What to do |
Every line from the start of the entries up to and including the one bearing "msp = doc.modelspace()" must be printed verbatim, without the pictures.
BEGIN Data supplied
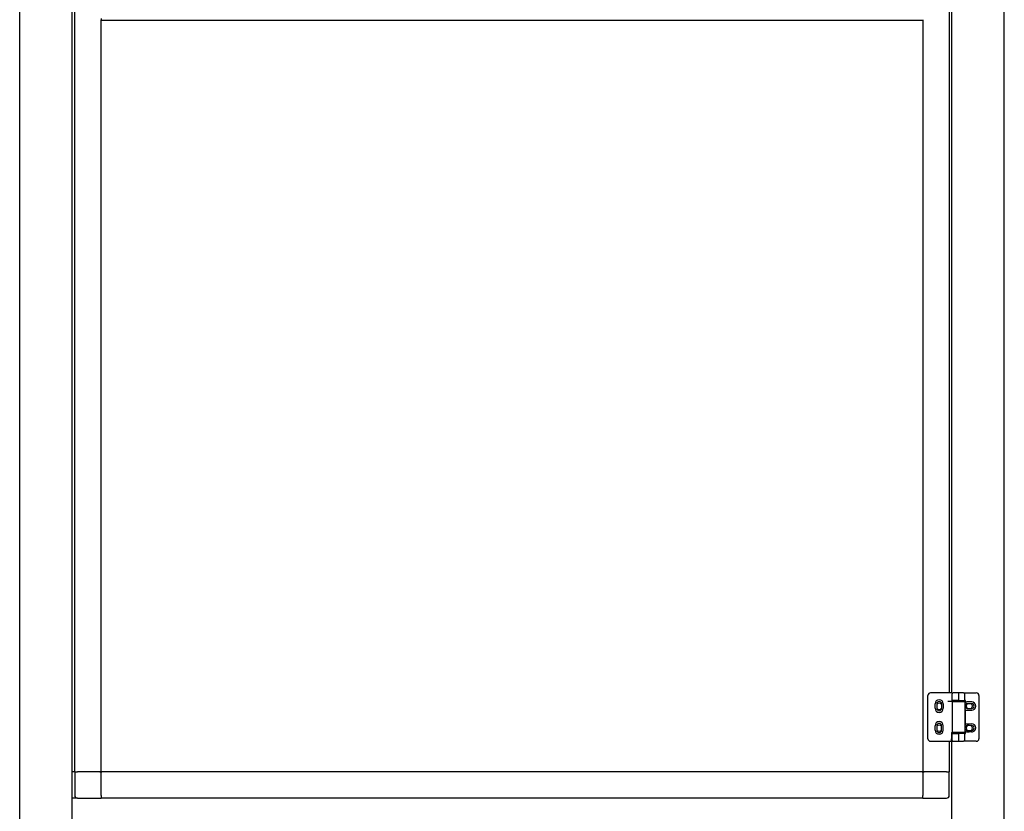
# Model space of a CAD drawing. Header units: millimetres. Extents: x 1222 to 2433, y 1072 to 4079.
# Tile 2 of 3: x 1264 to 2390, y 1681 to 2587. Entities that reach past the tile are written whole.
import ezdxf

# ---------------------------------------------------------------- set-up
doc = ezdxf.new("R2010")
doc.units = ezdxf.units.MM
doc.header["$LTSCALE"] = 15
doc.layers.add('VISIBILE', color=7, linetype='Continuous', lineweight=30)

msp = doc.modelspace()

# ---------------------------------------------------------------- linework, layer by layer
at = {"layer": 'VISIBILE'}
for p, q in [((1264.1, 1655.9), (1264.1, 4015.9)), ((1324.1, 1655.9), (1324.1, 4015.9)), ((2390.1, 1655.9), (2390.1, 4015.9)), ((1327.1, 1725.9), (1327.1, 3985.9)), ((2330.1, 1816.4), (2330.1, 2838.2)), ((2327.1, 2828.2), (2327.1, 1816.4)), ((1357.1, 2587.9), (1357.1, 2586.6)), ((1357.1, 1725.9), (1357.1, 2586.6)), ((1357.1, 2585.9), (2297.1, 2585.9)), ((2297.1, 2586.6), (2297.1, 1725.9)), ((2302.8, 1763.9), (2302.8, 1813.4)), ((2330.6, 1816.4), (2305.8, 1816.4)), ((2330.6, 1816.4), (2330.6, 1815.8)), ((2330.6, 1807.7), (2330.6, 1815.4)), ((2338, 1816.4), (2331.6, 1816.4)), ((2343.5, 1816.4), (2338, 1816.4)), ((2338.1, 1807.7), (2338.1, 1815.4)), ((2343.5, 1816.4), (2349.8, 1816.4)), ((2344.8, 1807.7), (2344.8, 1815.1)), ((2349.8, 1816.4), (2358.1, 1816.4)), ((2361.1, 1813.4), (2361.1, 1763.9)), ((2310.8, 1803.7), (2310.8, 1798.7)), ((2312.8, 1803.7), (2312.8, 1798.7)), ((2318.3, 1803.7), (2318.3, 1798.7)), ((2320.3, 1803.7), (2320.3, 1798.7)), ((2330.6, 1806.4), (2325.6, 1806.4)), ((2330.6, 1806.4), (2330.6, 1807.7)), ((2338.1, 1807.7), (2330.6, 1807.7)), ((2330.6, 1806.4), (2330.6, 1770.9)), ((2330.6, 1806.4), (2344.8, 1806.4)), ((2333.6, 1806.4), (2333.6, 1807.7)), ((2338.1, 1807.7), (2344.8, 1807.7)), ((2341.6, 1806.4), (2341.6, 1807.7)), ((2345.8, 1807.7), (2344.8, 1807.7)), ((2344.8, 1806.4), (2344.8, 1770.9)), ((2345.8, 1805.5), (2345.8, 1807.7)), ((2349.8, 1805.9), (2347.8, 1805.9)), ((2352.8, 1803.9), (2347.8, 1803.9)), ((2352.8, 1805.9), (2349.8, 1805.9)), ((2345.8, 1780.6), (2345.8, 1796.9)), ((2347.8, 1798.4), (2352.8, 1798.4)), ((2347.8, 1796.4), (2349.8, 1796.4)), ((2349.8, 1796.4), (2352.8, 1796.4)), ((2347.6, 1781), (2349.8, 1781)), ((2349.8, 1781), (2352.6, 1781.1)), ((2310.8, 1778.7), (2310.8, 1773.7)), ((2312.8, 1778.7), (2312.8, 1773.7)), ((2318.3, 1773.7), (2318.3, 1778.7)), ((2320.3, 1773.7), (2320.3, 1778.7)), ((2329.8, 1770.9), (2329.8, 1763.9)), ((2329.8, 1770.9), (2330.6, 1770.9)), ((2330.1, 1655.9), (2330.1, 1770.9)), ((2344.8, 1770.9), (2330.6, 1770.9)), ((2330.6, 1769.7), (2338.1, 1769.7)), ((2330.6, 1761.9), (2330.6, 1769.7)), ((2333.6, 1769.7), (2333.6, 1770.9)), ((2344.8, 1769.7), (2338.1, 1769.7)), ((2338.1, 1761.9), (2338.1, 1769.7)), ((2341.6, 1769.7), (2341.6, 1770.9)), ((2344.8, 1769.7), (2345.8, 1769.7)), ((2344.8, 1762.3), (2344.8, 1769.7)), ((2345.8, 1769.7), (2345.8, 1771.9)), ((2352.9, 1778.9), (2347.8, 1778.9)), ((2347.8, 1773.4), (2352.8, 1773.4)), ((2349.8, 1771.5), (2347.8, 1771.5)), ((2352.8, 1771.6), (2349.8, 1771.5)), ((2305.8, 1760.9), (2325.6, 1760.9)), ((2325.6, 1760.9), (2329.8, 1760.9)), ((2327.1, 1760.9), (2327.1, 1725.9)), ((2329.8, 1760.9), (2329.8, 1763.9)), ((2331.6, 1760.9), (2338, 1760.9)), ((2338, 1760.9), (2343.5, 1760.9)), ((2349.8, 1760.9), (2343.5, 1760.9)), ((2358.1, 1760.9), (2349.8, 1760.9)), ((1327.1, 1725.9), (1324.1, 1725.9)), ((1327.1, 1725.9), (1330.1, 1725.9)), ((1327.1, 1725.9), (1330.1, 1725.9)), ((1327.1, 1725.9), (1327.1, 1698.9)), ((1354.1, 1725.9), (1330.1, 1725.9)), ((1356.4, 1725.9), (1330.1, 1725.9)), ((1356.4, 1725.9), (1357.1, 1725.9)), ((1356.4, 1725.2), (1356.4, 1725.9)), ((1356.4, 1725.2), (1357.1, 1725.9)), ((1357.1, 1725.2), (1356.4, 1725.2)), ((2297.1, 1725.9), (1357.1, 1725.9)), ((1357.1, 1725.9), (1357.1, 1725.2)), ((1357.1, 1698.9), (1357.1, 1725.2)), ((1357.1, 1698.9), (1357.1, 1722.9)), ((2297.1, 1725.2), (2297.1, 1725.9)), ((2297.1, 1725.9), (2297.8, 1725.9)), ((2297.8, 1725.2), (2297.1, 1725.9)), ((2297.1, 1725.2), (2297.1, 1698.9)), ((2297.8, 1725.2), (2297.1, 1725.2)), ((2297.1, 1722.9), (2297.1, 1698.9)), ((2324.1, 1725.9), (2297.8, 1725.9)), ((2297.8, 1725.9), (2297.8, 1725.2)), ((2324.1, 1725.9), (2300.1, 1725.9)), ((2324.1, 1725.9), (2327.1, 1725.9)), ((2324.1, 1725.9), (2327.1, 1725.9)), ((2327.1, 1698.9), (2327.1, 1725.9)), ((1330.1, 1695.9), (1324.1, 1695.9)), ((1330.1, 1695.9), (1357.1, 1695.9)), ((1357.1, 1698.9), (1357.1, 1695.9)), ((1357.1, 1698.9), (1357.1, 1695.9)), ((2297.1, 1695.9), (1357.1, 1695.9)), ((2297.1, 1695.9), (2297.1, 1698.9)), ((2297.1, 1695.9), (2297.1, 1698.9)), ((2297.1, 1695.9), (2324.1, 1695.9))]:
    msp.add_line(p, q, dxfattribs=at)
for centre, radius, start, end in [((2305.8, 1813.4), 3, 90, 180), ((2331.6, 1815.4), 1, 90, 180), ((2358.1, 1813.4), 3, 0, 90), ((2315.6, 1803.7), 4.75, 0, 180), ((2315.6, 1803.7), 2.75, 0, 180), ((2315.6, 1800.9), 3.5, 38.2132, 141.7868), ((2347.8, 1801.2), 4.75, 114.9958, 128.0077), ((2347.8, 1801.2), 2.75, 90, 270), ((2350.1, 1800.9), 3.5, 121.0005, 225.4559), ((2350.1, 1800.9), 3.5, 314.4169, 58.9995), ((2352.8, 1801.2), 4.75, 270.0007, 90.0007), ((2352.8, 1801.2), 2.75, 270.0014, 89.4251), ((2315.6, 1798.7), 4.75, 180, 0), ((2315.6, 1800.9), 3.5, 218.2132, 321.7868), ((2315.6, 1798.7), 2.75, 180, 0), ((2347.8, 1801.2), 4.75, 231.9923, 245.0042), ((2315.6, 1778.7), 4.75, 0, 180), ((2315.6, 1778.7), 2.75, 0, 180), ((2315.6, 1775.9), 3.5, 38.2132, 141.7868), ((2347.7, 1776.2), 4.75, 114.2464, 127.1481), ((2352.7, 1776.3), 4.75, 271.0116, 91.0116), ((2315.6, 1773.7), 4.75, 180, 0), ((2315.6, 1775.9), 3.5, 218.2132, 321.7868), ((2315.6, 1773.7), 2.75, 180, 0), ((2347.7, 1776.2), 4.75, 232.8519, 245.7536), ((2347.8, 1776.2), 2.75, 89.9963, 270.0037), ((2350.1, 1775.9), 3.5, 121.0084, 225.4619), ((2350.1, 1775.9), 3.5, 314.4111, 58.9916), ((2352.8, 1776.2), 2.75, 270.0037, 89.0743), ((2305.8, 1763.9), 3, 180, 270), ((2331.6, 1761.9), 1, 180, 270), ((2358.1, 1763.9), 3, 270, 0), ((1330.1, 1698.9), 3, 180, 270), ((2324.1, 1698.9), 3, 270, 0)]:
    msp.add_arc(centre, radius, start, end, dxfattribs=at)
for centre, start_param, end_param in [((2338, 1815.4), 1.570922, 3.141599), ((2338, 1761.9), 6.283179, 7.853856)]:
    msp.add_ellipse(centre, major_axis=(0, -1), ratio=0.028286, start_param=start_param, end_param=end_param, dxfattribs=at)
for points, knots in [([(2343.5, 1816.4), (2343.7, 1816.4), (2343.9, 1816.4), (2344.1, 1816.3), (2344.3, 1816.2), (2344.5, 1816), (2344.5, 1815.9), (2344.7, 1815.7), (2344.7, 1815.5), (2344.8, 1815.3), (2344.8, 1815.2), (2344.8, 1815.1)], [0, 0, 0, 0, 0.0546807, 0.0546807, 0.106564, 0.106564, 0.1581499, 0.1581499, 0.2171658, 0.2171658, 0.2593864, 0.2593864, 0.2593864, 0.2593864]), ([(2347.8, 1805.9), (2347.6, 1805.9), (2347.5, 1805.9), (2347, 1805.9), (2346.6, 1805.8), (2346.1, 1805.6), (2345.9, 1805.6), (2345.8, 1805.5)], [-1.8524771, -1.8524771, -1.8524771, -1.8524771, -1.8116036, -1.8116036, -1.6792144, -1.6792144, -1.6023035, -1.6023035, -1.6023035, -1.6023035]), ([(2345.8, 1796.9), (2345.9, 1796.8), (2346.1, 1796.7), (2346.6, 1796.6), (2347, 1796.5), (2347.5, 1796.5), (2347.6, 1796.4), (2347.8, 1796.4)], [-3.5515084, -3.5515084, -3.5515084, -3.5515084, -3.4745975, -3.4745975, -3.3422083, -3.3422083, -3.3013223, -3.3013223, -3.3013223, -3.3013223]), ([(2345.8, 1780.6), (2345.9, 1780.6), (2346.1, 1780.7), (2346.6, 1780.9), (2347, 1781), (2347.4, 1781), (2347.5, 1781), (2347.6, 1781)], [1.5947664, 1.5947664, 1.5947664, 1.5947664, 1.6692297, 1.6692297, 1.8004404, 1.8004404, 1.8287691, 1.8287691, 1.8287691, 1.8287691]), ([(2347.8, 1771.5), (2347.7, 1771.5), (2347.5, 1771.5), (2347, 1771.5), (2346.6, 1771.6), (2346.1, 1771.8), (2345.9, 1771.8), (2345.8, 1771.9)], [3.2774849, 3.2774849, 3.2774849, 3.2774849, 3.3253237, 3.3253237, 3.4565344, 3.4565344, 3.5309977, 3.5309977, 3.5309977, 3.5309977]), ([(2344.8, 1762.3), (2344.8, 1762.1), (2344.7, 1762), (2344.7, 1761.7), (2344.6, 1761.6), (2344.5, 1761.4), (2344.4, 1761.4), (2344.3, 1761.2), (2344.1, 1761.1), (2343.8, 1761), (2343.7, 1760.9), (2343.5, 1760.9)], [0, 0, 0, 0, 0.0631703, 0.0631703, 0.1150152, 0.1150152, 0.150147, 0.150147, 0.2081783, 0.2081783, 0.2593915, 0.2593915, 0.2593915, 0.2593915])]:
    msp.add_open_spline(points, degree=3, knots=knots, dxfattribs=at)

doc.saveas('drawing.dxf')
END Data supplied
Result |
# Model space of a CAD drawing. Header units: millimetres. Extents: x 1222 to 2433, y 1072 to 4079.
# Tile 2 of 3: x 1264 to 2390, y 1681 to 2587. Entities that reach past the tile are written whole.
import ezdxf

# ---------------------------------------------------------------- set-up
doc = ezdxf.new("R2010")
doc.units = ezdxf.units.MM
doc.header["$LTSCALE"] = 15
doc.layers.add('VISIBILE', color=7, linetype='Continuous', lineweight=30)

msp = doc.modelspace()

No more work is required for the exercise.